Question: Consider strings consisting of characters, where each character is one of the letters a, b,and c.
For any integer $n \geq 1$, let $E_n$ be the number of such strings of length $n$ that contain an even number of c's, and let $O_n$ be the number of such strings of length $n$ that contain an odd number of c's. (Remember that $0$ is an even number.)
Which of the following is true for any integer $n \geq 2$?
Answer: $E_n = 2E_{n-1} + O_{n-1}$
Attempt:
I was confused by this question.

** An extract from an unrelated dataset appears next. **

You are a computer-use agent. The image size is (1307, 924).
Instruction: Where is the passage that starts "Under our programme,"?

I took $n=2$. In this case for $E_n$, there is only $1$ way to have $2$ c’s.
For $n=3$, $E_n$ has $3$ possible strings that have $2$ c’s.

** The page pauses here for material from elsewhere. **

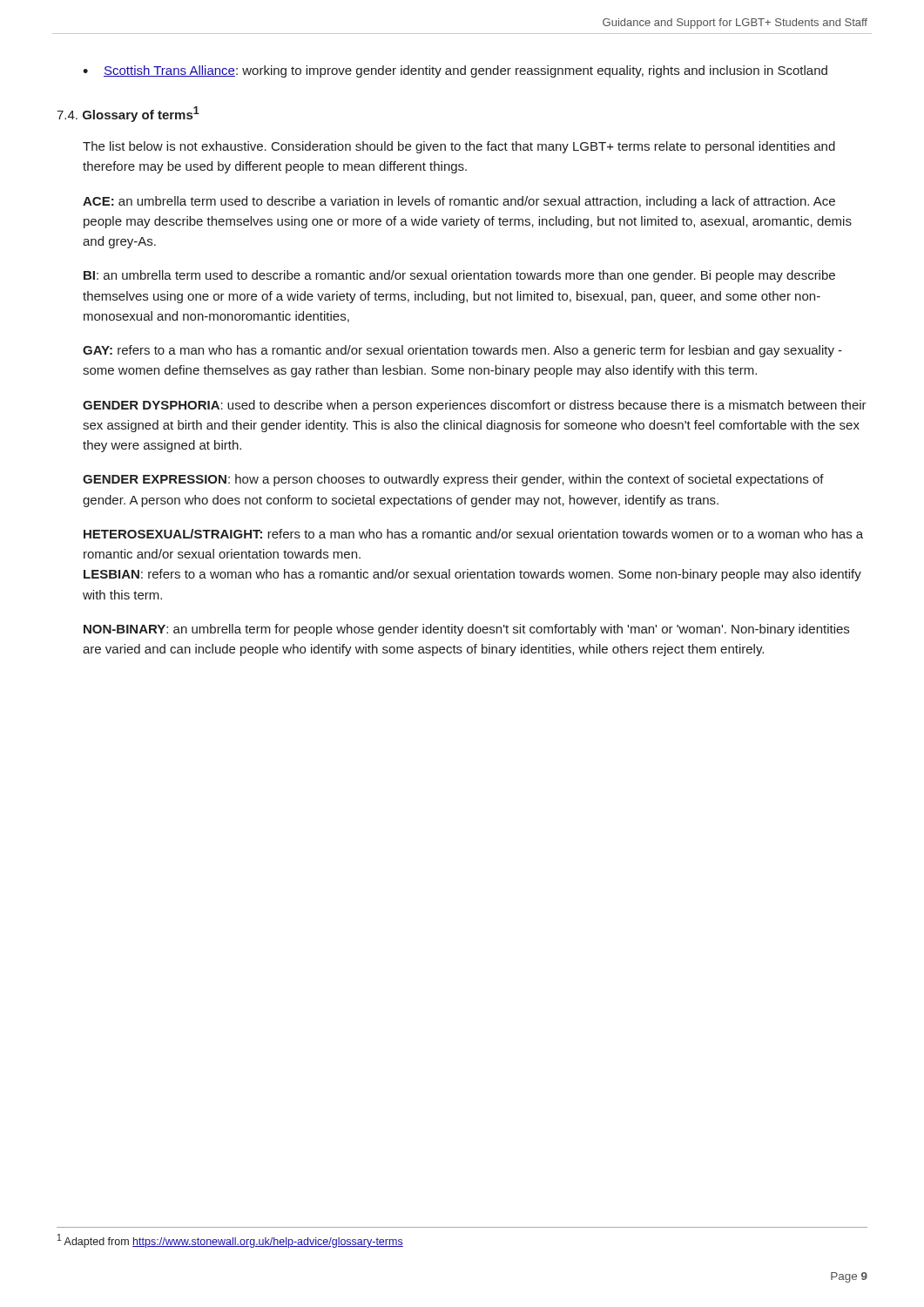The height and width of the screenshot is (1307, 924).
Task: Select the text block containing "The list below is not"
Action: 459,156

And for $O_n$, $n=2$, there is again only $2$ ways to have odd number of c’s.
For $n=3$, $E_3 = 2E_2 + O_2 = 2 \cdot 2+2 = 6$, which is not equal to $3$.
Best Answer
To get a string of length $n$ with an even number of $c$'s you can either start with a string of length $n-1$ that has an even number and add either an $a$ or a $b$, which gives the term $2E_{n-1}$ or start with a string of length $n-1$ that has an odd number of $c$'s and add a $c$, giving $O_{n-1}$. $O_2=4$ because there are $ac,bc,ca,cb$. $E_2=5$ because there are $aa,ab,ba,bb,cc$.